Virgin Atlantic secures $1.5 billion rescue deal

After many months of closed borders, grounded flights, and increasing concern of a complete collapse, Virgin Atlantic, the UK’s second-largest airline, is set to be offered a crucial lifeline to keep the airline alive following the devastating effects of the coronavirus pandemic.

A Virgin Atlantic 747-400 arriving at KLAS. Photo by Karam Sodhi |. AeroNewsX

The carrier will receive $750.6 million from shareholders including a $250 million injection from the Virgin Group. Additional funds have been secured in forms of deferrals and advances from payments companies and aircraft lessors, amounting to $562.5 million, while US hedge fund Davidson Kempner will contribute $188 million.

This much-needed bailout comes after the UK government refused to assist funding relief when Virgin Atlantic was grounded by the pandemic. The airline previously axed 3,150 jobs and cease operations at London Gatwick Airport as it struggled to survive. Chief Executive Shai Weiss previously said:

“We have weathered many storms since our first flight 36 years ago, but none has been as devastating as COVID-19 and the associated loss of life and livelihood for so many. However, to safeguard our future and emerge a sustainably profitable business, now is the time for further action to reduce our costs, preserve cash and to protect as many jobs as possible.
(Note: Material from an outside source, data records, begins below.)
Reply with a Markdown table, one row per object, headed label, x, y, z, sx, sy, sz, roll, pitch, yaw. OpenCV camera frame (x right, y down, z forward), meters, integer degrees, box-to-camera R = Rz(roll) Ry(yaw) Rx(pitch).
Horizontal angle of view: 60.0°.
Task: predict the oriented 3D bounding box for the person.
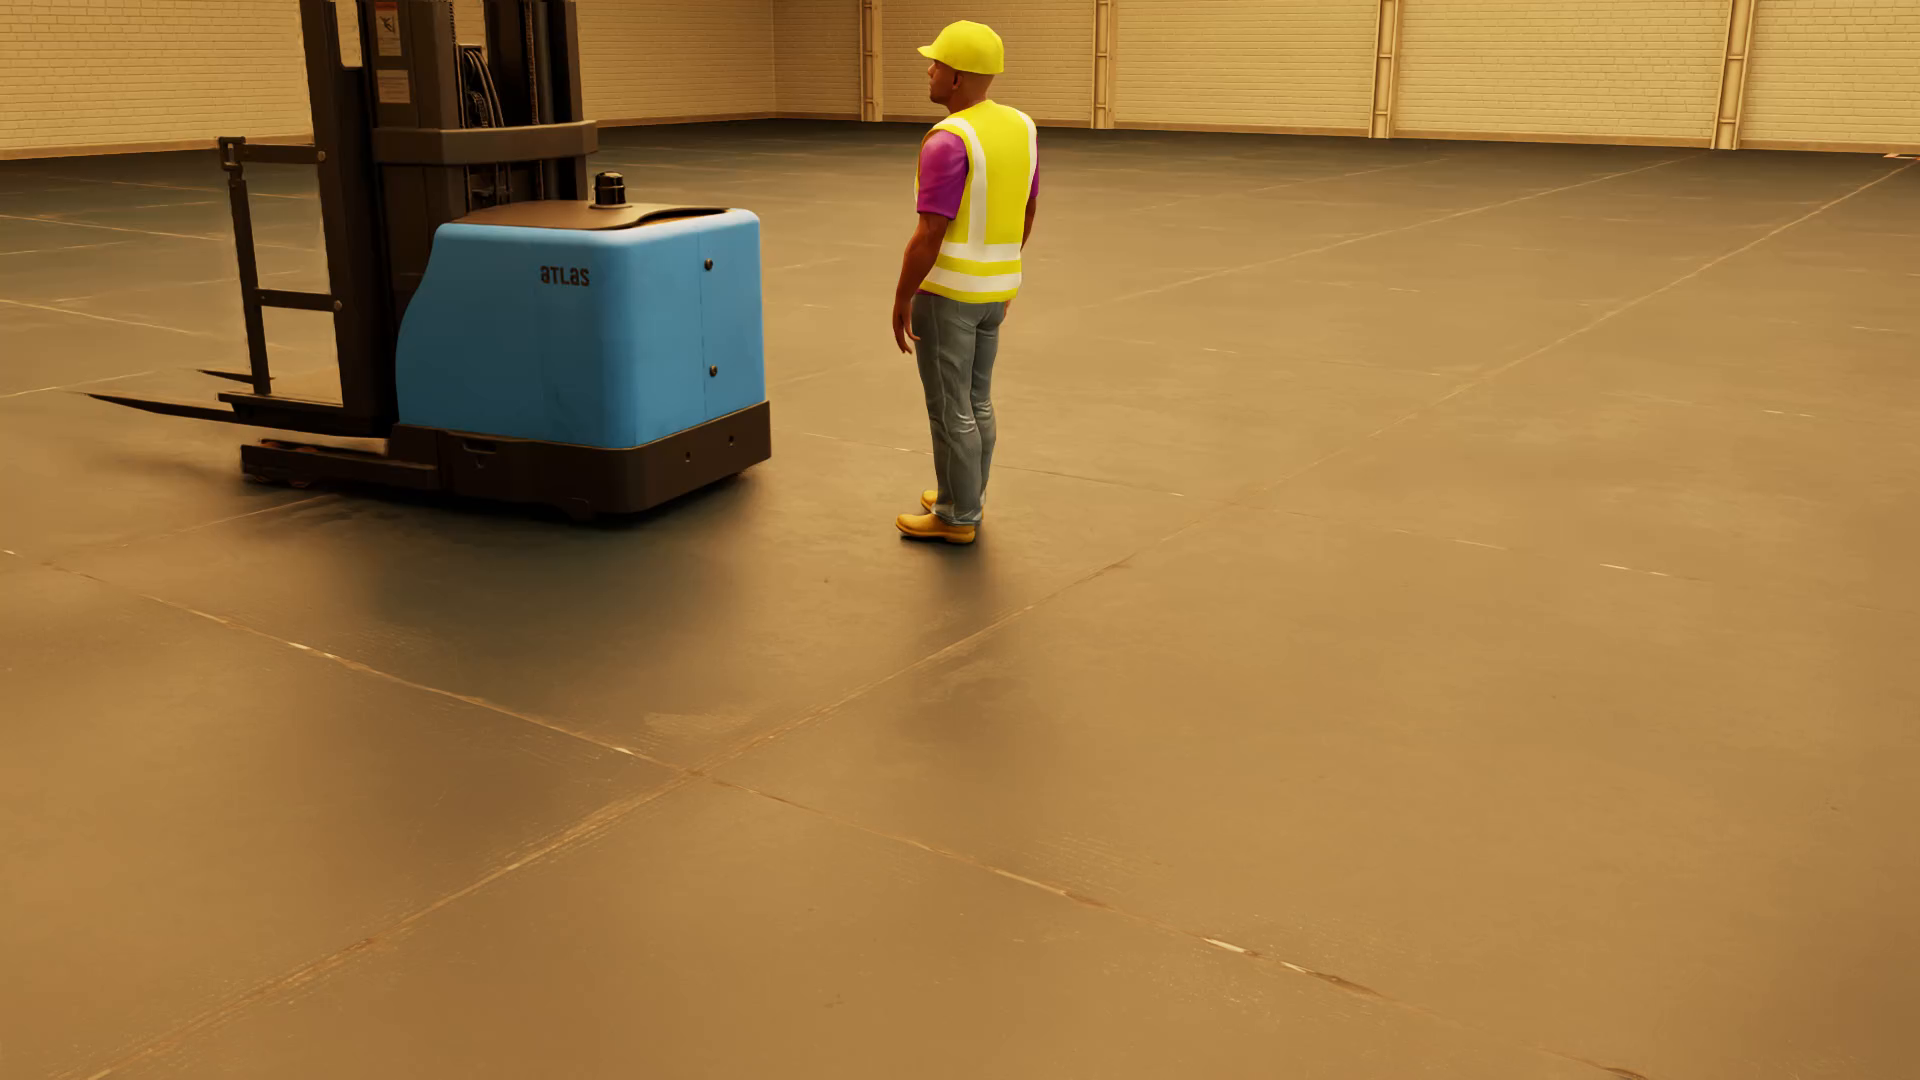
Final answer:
| label | x | y | z | sx | sy | sz | roll | pitch | yaw |
| --- | --- | --- | --- | --- | --- | --- | --- | --- | --- |
| person | -0.055 | -0.862 | 5.736 | 0.575 | 1.761 | 0.666 | 11 | 20 | 33 |

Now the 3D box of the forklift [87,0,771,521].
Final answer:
| label | x | y | z | sx | sy | sz | roll | pitch | yaw |
| --- | --- | --- | --- | --- | --- | --- | --- | --- | --- |
| forklift | -2.336 | -1.739 | 6.649 | 3.031 | 2.935 | 1.130 | 8 | 18 | 24 |

It is crucial that we return to profitability in 2021. I wish it was not the case, but we will have to reduce the number of people we employ.”

With the latest announcement, the airline will remove 7 Boeing 747s and 4 Airbus A330-200s by the first quarter of 2022. It will also be deferring deliveries of outstanding Airbus A350s and A330-900neos, it says.The carrier is anticipating that customer demand will be at least 40% lower during 2020 but expects a gradual recovery over time.